E’ in corso un genocidio, dice Salvini. Un genocidio, che vuol dire quando un’intera popolazione viene sistematicamente massacrata, sterminata – come gli ebrei durante il nazismo o gli armeni sotto l’impero ottomano o gli herero e i nama per mano dei colonizzatori tedeschi in Namibia. E’ una parola terrificante. Ci si aspetterebbe che i giornalisti intervengano, chiedano spiegazioni: dove sono questi milioni di italiani trucidati – e da chi?
E invece no. E’ la retorica colorita del dinamico leader leghista. Una battuta. Passi.
Ma non è una battuta a caso. È la culminazione di una specie di storia a puntate – una storia a metà tra il thriller fantascientifico e il giallo. Ma per essere un giallo decente manca qualcosa: c’è una vittima (gli italiani). Mancano però il movente, l’arma del delitto – e un colpevole.
Giallo a puntate, dicevo: già alcuni mesi prima ai microfoni di Radio Padania Salvini aveva parlato di “pulizia etnica”.
Nota bene: Qui Salvini parla ancora separatamente di padani e italiani. Del resto all’epoca il suo partito si chiamava ancora “Lega Nord”.

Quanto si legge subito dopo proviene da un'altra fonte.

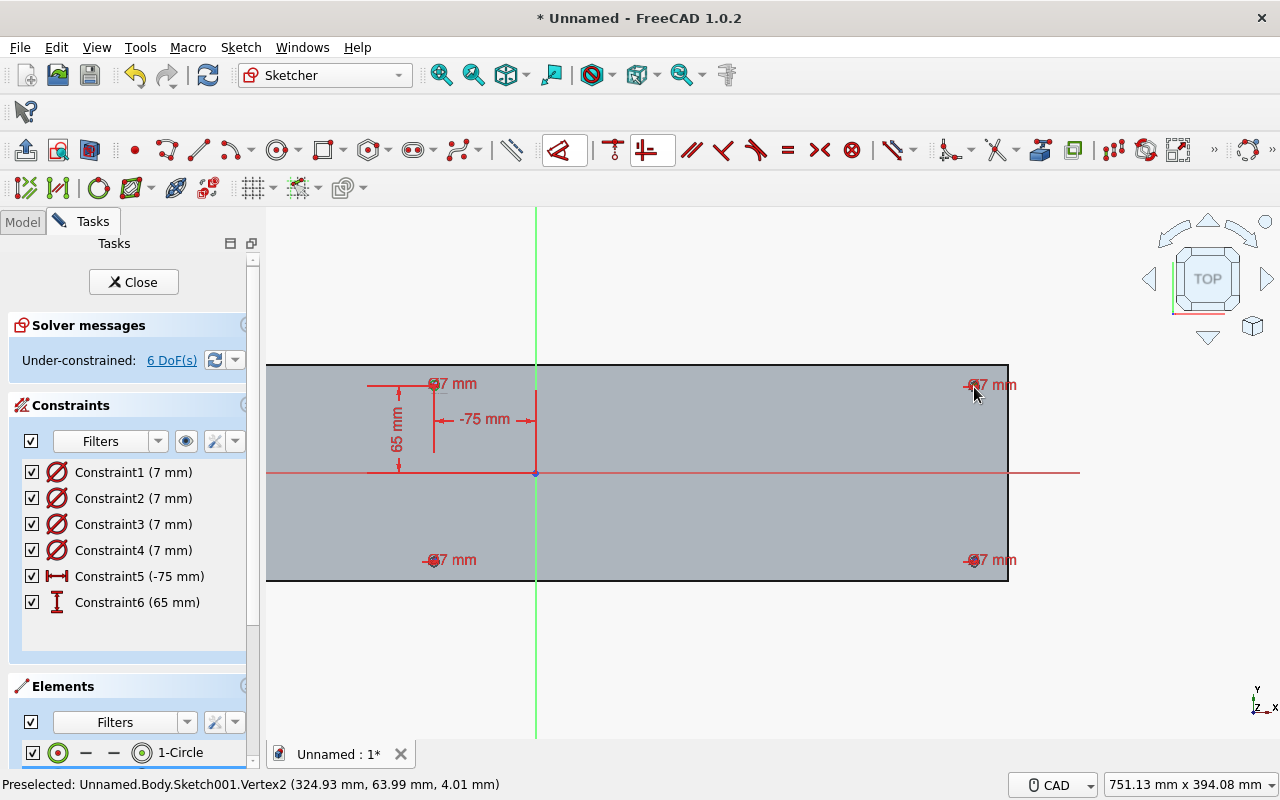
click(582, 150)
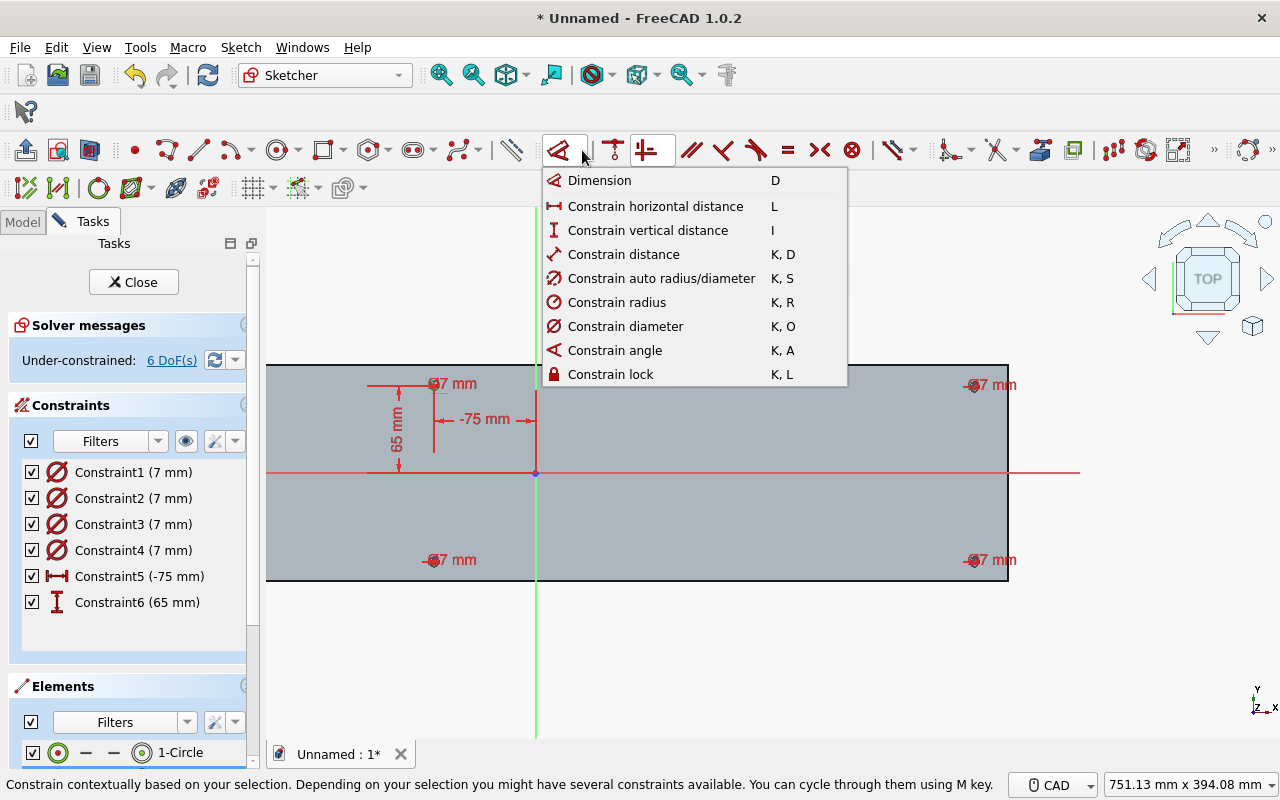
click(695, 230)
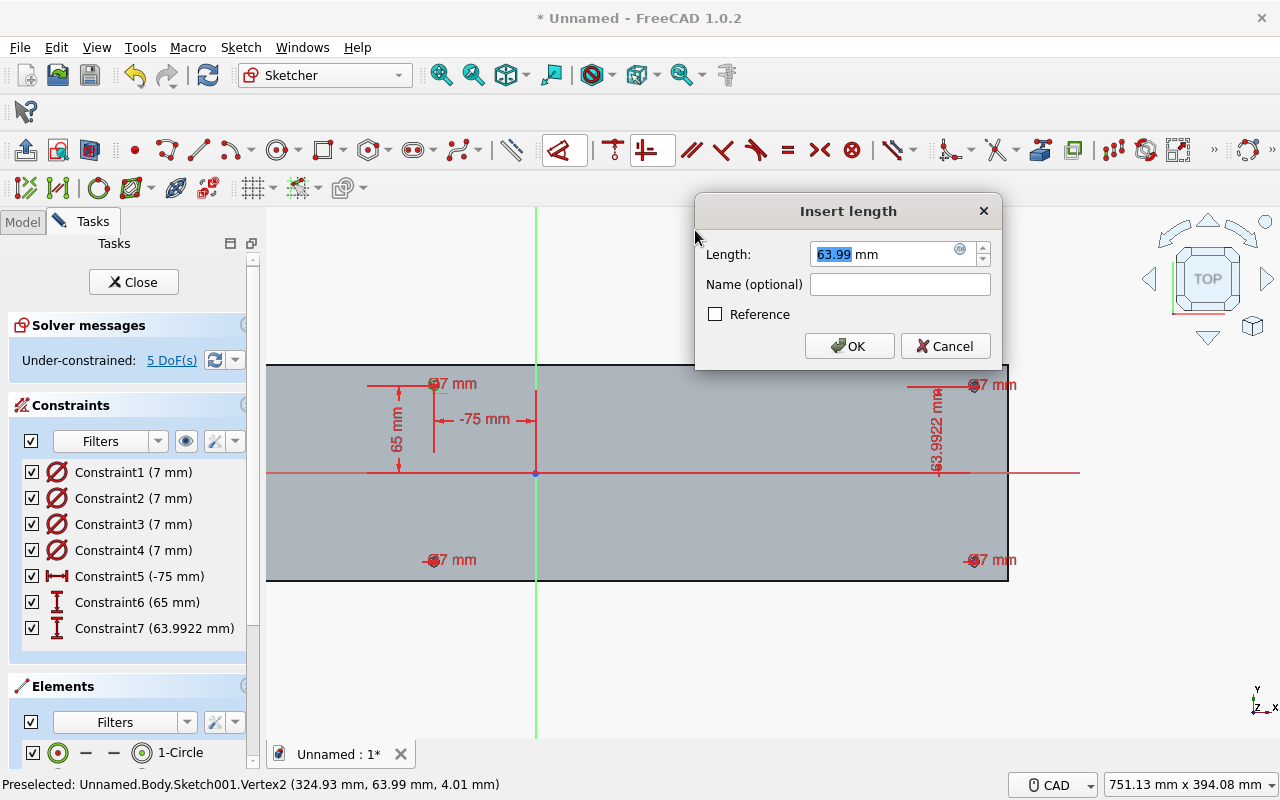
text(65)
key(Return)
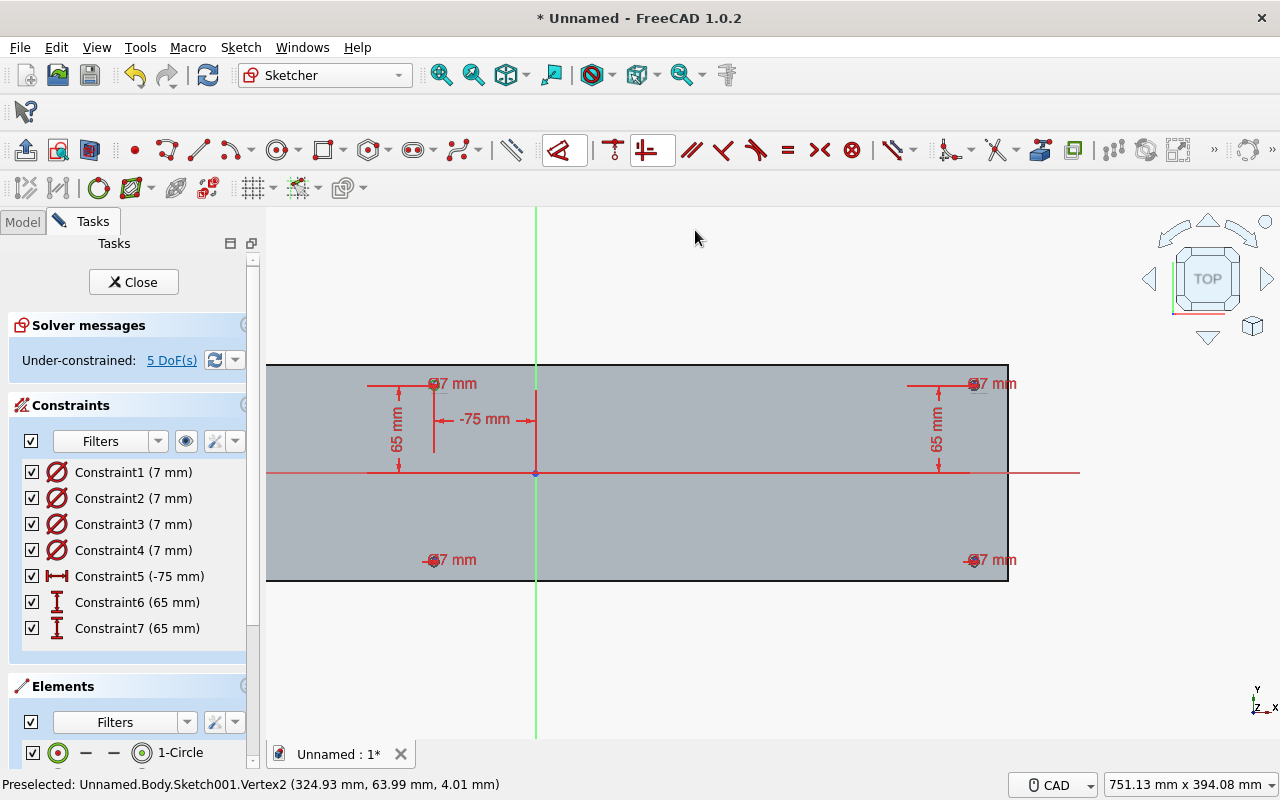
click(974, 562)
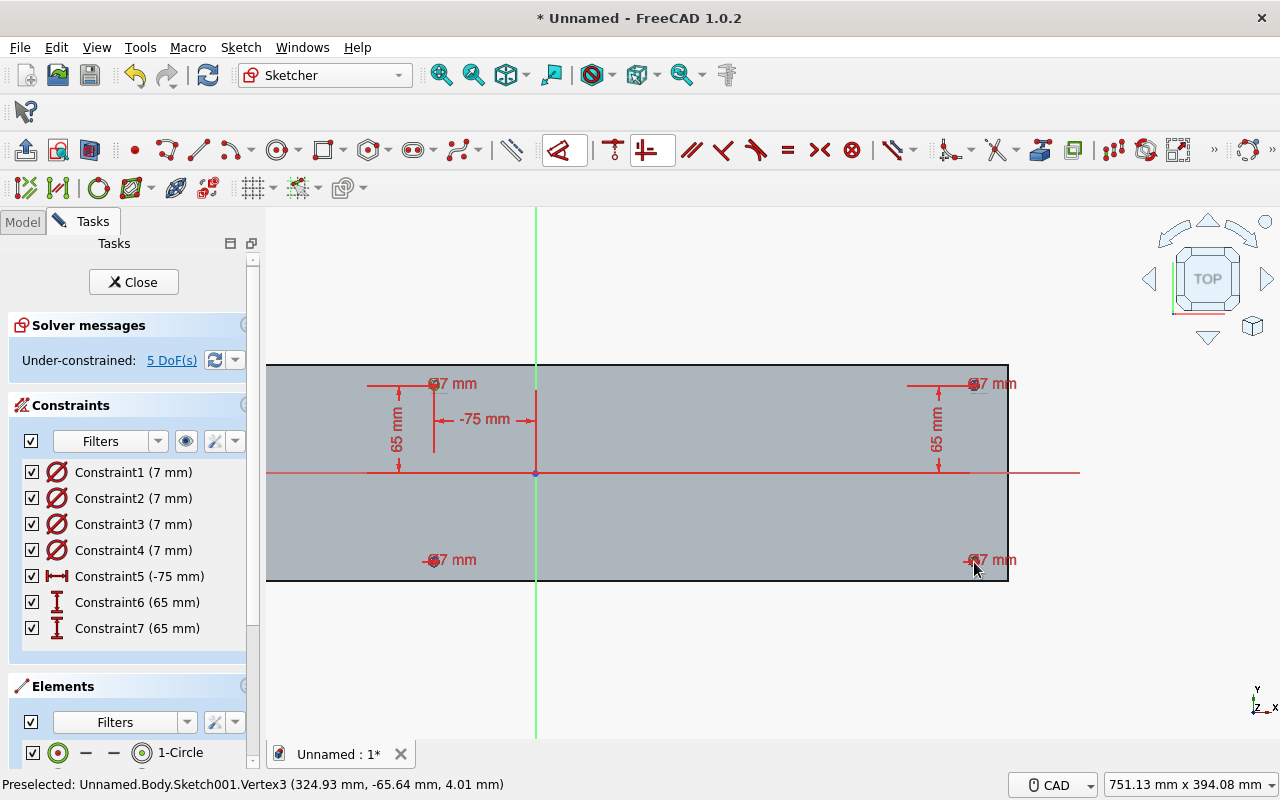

La storia che Salvini racconta è così: non è vero che gli immigrati che arrivano in Europa scappano dalla miseria, dalla fame o dalla guerra – o che al limite vogliono semplicemente un futuro migliore. No. Vengono da noi con un piano di invasione, si diffondono, si mescolano a noi, si moltiplicano e, alla fine, ci sostituiscono.
Se, messa così, la storia suona familiare è perché è la trama di uno stranoto film di fantascienza degli anni ‘50: L’Invasione degli Ultracorpi.
Però in realtà è un mito molto antico, che probabilmente affonda le sue radici nell’alba del genere umano – quando l’homo sapiens portò all’estinzione il suo diretto contendente per la sopravvivenza, l’uomo di Neanderthal, e – per così dire – lo sostituì nella catena evolutiva (leggi QUI).
Un mito potente. E Salvini lo sa. Nei mesi successivi comincia addirittura a parlare specificamente di “sostituzione etnica” – un ritornello che ripeterà anche negli anni a venire
L’idea, ovviamente, non è sua. Nella sua versione più moderna il mito della “sostituzione etnica” viene dalla penna di un intellettuale francese molto amato dalla destra, Renaud Camus. In un saggio del 2011 chiamato, guardacaso, “Le Grand Remplacement”, ovvero sia “La Grande sostituzione” Camus spiega: “E’ molto semplice: qui c’è un popolo e poi d’un tratto, nell’arco di una generazione, ecco apparire un altro popolo – o più popoli diversi.” (leggi Le Monde)
Camus non ha proprio tutti i torti. In effetti nella storia vi sono stati genocidi che hanno portato a una vera e propria sostituzione etnica – di regola quando una popolazione più tecnologicamente avanzata occupava il territorio di una popolazione più primitiva – come è avvenuto nel Continente Americano nel XVI e XVII secolo, ad esempio. E in Australia nel XVIII e XIX. Noterete una costante: a perpetrare questi genocidi sono stati Spagnoli, Portoghesi, Inglesi e tedeschi – insomma, europei bianchi.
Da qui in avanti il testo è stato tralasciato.